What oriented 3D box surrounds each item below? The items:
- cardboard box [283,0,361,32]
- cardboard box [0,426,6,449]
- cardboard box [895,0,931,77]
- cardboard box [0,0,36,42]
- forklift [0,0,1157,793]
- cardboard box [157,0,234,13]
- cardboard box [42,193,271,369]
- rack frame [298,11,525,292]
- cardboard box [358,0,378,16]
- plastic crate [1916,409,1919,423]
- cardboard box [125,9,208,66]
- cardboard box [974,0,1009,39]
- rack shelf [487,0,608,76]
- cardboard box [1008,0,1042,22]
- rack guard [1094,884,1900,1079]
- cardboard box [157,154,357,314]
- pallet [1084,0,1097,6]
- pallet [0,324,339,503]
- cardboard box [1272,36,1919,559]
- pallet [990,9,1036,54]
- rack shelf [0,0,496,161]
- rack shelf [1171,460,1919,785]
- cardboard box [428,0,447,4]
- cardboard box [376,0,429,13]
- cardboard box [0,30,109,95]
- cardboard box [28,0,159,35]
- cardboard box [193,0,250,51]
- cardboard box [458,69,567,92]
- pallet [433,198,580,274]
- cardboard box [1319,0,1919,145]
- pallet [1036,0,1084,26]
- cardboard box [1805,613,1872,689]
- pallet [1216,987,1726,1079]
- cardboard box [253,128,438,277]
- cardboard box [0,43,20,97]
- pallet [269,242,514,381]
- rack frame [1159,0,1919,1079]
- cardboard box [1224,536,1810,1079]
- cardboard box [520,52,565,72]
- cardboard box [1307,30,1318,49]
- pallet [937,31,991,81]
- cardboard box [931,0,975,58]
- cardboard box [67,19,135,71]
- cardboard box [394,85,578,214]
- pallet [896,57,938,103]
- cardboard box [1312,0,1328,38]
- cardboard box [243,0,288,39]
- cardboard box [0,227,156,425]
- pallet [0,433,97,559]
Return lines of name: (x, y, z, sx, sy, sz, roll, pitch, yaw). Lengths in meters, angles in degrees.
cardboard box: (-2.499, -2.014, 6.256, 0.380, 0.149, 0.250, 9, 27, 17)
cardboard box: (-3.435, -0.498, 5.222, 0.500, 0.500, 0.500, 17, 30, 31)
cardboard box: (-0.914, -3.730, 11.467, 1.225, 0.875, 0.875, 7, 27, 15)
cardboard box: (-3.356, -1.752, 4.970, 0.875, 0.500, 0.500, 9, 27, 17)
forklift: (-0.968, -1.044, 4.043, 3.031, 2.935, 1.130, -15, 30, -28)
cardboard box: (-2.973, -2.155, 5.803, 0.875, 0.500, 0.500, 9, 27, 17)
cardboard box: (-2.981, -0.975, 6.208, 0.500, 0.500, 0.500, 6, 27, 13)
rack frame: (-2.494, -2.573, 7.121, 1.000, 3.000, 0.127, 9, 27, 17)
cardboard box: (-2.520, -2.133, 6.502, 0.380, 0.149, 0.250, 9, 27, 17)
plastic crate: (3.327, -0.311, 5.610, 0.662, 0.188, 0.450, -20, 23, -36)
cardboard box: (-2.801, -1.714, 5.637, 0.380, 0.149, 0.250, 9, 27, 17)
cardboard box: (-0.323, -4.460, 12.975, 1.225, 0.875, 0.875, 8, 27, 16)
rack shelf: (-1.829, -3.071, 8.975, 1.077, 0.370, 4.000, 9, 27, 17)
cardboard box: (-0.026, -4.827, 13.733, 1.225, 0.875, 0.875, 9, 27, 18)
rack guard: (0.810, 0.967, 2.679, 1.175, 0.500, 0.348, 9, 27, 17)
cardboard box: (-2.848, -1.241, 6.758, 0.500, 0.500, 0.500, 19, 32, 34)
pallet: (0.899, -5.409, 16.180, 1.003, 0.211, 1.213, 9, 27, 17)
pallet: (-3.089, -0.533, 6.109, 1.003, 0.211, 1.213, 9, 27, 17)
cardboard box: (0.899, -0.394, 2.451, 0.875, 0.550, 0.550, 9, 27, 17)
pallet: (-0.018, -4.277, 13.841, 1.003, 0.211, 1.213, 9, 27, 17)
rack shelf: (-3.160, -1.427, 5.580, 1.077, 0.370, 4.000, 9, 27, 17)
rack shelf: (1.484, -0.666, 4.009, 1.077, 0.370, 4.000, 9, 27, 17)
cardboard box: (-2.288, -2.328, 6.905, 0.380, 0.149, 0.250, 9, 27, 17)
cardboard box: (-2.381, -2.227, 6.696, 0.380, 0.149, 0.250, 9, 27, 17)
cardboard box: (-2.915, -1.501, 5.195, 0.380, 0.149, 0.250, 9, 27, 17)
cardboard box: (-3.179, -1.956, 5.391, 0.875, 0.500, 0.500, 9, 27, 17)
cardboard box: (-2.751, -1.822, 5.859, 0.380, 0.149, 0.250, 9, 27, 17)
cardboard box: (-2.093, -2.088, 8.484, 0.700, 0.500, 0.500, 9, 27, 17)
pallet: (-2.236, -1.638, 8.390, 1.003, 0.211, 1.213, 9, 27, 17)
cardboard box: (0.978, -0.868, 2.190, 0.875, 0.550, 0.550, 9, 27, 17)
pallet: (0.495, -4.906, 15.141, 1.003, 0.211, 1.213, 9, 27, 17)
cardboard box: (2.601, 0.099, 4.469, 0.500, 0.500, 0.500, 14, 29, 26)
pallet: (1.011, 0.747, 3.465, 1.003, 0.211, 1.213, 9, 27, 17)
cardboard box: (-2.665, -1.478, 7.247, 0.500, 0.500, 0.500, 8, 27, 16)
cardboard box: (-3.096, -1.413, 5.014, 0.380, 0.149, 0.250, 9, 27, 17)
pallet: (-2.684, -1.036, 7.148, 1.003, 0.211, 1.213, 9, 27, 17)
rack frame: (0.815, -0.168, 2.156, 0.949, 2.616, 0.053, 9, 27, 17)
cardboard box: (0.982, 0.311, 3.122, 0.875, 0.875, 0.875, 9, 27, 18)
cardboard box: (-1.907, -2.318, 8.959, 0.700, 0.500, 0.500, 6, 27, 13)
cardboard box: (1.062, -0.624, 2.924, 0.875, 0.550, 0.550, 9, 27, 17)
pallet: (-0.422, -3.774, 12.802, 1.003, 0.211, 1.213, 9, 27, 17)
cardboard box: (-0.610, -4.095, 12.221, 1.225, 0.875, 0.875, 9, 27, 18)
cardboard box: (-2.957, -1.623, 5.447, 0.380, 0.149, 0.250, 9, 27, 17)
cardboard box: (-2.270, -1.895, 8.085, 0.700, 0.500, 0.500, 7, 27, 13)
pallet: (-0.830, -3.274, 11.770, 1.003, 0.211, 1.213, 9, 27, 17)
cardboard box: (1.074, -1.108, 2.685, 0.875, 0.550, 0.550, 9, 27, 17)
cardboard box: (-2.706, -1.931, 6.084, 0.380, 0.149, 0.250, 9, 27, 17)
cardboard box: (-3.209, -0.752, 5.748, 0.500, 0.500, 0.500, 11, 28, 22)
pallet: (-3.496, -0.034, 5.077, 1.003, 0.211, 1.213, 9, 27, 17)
:::::
• Required work
In the listing above, locate the line containing "- cardboard box [283,0,361,32]" and the line containing "- pallet [0,433,97,559]". Extract those two lines and every line between them, exactly as written, and only those.

• Answer to this task
- cardboard box [283,0,361,32]
- cardboard box [0,426,6,449]
- cardboard box [895,0,931,77]
- cardboard box [0,0,36,42]
- forklift [0,0,1157,793]
- cardboard box [157,0,234,13]
- cardboard box [42,193,271,369]
- rack frame [298,11,525,292]
- cardboard box [358,0,378,16]
- plastic crate [1916,409,1919,423]
- cardboard box [125,9,208,66]
- cardboard box [974,0,1009,39]
- rack shelf [487,0,608,76]
- cardboard box [1008,0,1042,22]
- rack guard [1094,884,1900,1079]
- cardboard box [157,154,357,314]
- pallet [1084,0,1097,6]
- pallet [0,324,339,503]
- cardboard box [1272,36,1919,559]
- pallet [990,9,1036,54]
- rack shelf [0,0,496,161]
- rack shelf [1171,460,1919,785]
- cardboard box [428,0,447,4]
- cardboard box [376,0,429,13]
- cardboard box [0,30,109,95]
- cardboard box [28,0,159,35]
- cardboard box [193,0,250,51]
- cardboard box [458,69,567,92]
- pallet [433,198,580,274]
- cardboard box [1319,0,1919,145]
- pallet [1036,0,1084,26]
- cardboard box [1805,613,1872,689]
- pallet [1216,987,1726,1079]
- cardboard box [253,128,438,277]
- cardboard box [0,43,20,97]
- pallet [269,242,514,381]
- rack frame [1159,0,1919,1079]
- cardboard box [1224,536,1810,1079]
- cardboard box [520,52,565,72]
- cardboard box [1307,30,1318,49]
- pallet [937,31,991,81]
- cardboard box [931,0,975,58]
- cardboard box [67,19,135,71]
- cardboard box [394,85,578,214]
- pallet [896,57,938,103]
- cardboard box [1312,0,1328,38]
- cardboard box [243,0,288,39]
- cardboard box [0,227,156,425]
- pallet [0,433,97,559]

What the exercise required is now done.